Da Tribuna da Imprensa
Por JULIANO MEDEIROS - Via Facebook
Como todos sabem, evito tratar temas internos do PSOL nesta página.
No entanto, a decisão do partido em desliga-lo de seus quadros já é
pública e quero agora registrar minha posição. Evitei me manifestar
antes sobre isso por duas razões.
Primeiro, porque além de membro do Diretório Nacional, também sou
coordenador político da Liderança do PSOL na Câmara dos Deputados, e
seria muito desconfortável expor minha posição publicamente nessas
circunstâncias. Segundo, porque ainda tinha esperanças de que Daciolo
pudesse voltar atrás em alguns temas, evitando assim seu desligamento do
partido.
Conheci Daciolo alguns meses atrás no Rio de Janeiro. Estive com ele
várias vezes antes de sua posse como Deputado Federal e, depois de
empossado, passamos a ter uma convivência diária. Recebi sua eleição com
grande entusiasmo, porque imaginava que ter uma liderança popular como
Daciolo na bancada federal do PSOL enriqueceria nossa intervenção no
parlamento.
Embora suas preferências religiosas me causassem certo desconforto (o
que é um problema meu, não dele), nunca me pareceram razão para
considerar Daciolo incompatível com o PSOL. O mesmo vale para o fato
dele ser um militar: um partido que quer transformar o Brasil num abrigo
para seu povo, deve ter ao seu lado militares comprometidos com a
democracia e a justiça social.
Com isso, quero afirmar que Daciolo não foi desligado do PSOL por ser
militar ou evangélico. Os militares progressistas e os evangélicos que
querem a transformação são muito bem-vindos no PSOL. Temos muitos
evangélicos e militares filiados ao PSOL, o que só enriquece nossa
pluralidade interna.
Daciolo foi desligado porque sua atuação parlamentar tornou-se
incompatível com determinadas posições do PSOL. E não me refiro aqui à
totalidade de sua atuação parlamentar. Na imensa maioria dos temas,
Daciolo votou seguindo a orientação da bancada do PSOL. O problema é que
seu mandato tem sido dedicado a temas que ferem princípios do PSOL,
como a proposta de alteração na Constituição Federal para que o texto
passe a afirmar que “todo poder emana de Deus” e a exigência de que o
PSOL se engaje na defesa dos policiais militares acusados pela morte do
pedreiro Amarildo.
Daciolo diz algo que é verdadeiro: o PSOL do Rio de Janeiro, quando o
filiou, sabia que ele era cristão e evangélico. Mas ninguém poderia
prever que seu mandato seria colocado a serviço de causas como as que
descrevi acima. Nossa concepção em defesa dos militares como
trabalhadores que tem seus direitos, e a defesa do Estado laico, não
comportam as iniciativas tomadas por Daciolo.

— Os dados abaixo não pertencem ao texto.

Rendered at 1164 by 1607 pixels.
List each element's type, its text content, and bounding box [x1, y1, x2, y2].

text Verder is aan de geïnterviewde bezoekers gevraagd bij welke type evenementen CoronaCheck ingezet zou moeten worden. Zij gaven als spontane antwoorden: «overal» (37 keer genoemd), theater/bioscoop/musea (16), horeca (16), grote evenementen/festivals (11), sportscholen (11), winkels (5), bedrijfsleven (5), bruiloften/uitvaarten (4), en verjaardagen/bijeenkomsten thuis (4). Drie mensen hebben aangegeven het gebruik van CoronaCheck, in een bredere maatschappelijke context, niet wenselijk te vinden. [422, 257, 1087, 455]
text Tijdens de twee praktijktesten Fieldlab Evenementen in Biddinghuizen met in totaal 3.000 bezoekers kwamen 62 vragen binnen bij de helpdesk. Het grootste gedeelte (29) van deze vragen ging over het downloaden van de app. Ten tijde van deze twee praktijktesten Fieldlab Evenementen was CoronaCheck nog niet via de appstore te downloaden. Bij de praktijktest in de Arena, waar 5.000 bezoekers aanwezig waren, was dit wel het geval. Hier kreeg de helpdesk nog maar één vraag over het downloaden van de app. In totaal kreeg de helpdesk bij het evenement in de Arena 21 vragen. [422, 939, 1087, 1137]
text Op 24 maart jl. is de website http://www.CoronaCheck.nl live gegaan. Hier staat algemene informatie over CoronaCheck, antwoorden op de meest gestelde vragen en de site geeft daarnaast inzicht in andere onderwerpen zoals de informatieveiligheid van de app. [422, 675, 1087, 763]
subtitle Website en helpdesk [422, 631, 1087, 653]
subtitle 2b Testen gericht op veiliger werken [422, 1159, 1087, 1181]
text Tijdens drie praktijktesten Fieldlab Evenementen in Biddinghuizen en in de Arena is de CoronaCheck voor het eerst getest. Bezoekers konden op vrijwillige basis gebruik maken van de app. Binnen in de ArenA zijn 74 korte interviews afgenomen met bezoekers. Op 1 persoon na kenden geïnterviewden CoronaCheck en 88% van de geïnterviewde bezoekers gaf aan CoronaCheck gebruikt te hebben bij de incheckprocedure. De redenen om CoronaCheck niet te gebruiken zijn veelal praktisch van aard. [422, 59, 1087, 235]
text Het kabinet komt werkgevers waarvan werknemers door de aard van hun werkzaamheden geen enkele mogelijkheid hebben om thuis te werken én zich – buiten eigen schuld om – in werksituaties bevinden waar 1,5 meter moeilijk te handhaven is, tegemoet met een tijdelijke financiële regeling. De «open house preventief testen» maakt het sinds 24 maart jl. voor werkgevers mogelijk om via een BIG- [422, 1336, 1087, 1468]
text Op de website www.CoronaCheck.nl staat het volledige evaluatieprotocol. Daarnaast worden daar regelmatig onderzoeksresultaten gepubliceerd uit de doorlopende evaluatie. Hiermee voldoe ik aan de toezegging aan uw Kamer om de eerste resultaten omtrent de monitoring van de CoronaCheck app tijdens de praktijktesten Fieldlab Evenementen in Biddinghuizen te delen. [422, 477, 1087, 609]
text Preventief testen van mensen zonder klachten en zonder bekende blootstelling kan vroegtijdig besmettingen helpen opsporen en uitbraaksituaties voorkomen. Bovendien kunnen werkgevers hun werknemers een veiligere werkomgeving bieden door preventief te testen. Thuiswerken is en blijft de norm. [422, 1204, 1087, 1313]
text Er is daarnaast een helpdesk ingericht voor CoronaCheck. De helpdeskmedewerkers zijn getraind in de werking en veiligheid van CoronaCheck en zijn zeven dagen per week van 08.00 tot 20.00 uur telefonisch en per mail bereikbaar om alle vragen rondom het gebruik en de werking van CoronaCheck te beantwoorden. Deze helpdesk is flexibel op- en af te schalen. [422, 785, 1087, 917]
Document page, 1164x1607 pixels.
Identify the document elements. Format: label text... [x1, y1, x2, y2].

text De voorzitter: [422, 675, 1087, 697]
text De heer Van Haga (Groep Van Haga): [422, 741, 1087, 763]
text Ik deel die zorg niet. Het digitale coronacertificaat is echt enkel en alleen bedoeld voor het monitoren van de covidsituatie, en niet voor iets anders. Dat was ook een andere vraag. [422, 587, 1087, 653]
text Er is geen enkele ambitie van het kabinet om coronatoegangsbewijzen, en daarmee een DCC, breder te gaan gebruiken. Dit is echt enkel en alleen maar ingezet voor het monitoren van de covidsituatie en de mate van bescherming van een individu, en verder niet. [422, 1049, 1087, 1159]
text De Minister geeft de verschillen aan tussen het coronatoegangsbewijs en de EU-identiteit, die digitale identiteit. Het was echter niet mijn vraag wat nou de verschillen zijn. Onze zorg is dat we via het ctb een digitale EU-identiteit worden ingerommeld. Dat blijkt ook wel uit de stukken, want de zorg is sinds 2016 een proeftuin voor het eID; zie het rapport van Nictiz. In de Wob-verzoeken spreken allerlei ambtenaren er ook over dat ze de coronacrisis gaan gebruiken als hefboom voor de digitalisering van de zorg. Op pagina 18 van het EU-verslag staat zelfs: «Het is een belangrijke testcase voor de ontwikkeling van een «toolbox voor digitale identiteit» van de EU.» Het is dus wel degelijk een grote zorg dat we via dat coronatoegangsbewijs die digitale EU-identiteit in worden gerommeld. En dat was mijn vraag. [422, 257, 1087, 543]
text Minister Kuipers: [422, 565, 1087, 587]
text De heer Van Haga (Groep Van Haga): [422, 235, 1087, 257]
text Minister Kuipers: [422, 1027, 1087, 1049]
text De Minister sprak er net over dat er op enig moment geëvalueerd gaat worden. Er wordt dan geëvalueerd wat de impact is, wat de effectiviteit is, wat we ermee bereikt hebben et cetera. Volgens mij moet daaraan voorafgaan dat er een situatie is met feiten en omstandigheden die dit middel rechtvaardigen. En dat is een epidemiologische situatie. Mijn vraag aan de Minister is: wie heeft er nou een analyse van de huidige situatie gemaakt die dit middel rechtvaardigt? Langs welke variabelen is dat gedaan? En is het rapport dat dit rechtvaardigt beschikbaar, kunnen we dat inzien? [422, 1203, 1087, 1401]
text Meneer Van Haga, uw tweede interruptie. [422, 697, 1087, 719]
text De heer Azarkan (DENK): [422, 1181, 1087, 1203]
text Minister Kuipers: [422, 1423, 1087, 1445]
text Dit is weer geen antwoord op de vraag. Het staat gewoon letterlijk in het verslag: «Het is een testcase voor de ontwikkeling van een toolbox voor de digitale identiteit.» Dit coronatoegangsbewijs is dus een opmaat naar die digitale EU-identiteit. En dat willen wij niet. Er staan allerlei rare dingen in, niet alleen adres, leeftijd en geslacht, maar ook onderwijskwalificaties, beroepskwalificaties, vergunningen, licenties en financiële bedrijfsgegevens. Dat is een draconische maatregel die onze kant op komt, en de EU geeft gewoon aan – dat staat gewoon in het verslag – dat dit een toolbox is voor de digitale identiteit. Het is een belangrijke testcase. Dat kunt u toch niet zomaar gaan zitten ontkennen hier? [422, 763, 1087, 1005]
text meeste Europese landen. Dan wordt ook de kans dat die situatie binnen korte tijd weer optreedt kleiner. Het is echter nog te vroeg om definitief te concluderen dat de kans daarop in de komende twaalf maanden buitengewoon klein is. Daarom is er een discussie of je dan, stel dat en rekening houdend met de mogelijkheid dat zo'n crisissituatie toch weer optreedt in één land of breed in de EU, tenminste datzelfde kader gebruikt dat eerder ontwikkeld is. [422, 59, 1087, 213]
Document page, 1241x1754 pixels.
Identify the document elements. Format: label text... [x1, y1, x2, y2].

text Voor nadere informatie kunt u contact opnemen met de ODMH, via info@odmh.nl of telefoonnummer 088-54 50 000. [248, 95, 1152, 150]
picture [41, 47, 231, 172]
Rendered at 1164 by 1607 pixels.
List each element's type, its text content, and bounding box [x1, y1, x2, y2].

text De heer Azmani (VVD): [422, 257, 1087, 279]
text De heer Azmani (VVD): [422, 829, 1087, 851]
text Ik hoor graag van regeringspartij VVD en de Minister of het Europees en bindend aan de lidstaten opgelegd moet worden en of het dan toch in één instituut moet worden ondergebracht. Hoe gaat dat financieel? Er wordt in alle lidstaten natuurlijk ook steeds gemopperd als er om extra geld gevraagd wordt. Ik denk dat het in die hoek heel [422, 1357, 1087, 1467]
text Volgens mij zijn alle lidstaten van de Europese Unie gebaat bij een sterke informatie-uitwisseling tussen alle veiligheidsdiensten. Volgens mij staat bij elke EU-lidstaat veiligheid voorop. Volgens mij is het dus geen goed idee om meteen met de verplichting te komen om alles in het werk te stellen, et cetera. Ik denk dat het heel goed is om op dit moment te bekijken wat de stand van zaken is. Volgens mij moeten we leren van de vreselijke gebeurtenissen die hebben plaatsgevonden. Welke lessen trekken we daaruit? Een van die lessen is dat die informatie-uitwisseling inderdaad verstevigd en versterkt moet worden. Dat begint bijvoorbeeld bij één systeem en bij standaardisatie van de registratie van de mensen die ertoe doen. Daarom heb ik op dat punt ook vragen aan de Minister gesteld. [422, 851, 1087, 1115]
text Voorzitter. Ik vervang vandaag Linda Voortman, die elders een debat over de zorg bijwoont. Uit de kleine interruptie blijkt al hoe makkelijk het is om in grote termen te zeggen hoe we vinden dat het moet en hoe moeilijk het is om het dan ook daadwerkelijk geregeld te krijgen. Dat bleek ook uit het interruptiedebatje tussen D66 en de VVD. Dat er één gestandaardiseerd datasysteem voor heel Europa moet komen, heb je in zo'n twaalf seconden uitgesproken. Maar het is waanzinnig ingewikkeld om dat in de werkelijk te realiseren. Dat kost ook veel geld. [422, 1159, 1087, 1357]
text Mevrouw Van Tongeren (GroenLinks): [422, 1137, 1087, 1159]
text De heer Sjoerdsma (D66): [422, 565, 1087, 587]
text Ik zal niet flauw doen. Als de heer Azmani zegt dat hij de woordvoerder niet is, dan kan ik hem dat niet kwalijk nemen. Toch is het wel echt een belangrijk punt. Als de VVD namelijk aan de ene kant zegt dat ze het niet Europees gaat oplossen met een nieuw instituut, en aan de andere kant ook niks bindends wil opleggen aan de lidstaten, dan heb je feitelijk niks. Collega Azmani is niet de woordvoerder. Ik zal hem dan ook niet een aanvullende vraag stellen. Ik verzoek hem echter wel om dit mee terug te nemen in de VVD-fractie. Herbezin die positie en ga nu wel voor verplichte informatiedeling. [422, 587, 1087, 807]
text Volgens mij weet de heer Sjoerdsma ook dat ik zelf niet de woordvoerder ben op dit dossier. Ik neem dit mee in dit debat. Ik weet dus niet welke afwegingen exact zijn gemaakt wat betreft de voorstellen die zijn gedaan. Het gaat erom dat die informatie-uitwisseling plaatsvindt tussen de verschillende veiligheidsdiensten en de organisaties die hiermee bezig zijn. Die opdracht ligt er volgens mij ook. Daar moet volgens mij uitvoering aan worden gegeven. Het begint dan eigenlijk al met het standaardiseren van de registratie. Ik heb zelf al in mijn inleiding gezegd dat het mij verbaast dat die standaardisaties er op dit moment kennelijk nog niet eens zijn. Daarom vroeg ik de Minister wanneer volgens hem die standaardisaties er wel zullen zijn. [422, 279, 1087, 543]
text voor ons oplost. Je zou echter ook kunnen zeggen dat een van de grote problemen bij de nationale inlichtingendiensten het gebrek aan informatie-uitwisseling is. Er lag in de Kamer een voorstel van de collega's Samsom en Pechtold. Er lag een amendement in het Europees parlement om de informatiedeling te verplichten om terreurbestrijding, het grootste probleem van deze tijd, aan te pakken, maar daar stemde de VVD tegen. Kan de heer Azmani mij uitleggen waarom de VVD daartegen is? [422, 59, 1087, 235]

Para mim, que tive a oportunidade de conviver com Daciolo nos últimos
meses, a decisão de votar a favor de sua expulsão foi muito amarga.
Primeiro, porque sei que Daciolo é um bom homem, honesto, íntegro e que
seguirá trabalhando para o bem daqueles que busca representar. Embora
isso não seja o bastante para ser do PSOL, são qualidades indispensáveis
a um homem público. Segundo, porque o PSOL sem Daciolo, é um PSOL menos
popular e isso é uma perda irreparável.
O desligamento de Daciolo não pode representar, em hipótese algum,
que o PSOL se contenta em representar apenas os setores médios da
sociedade. Terceiro, porque sei que, apesar de posições equivocadas em
outros temas, Daciolo continuará se posicionando a favor dos direitos
dos trabalhadores na Câmara dos Deputados, junto com o PSOL. Por tudo
isso, considero que o desligamento de Daciolo, embora necessário para
evitar mais desgastes ao PSOL e preservar determinados princípios do
partido, é uma derrota de toda a esquerda. Não pela decisão de
desliga-lo em si – a única possível, diante das posições que ele próprio
assumiu – mas porque mostra nossas dificuldades em incorporar setores
populares que, apesar das contradições que expressam, são absolutamente
indispensáveis para a vitória de um projeto socialista, democrático e
libertador.
Perdemos Daciolo para não perder nossa coerência. Mas isso, como tudo na vida, também tem seus prós e contras.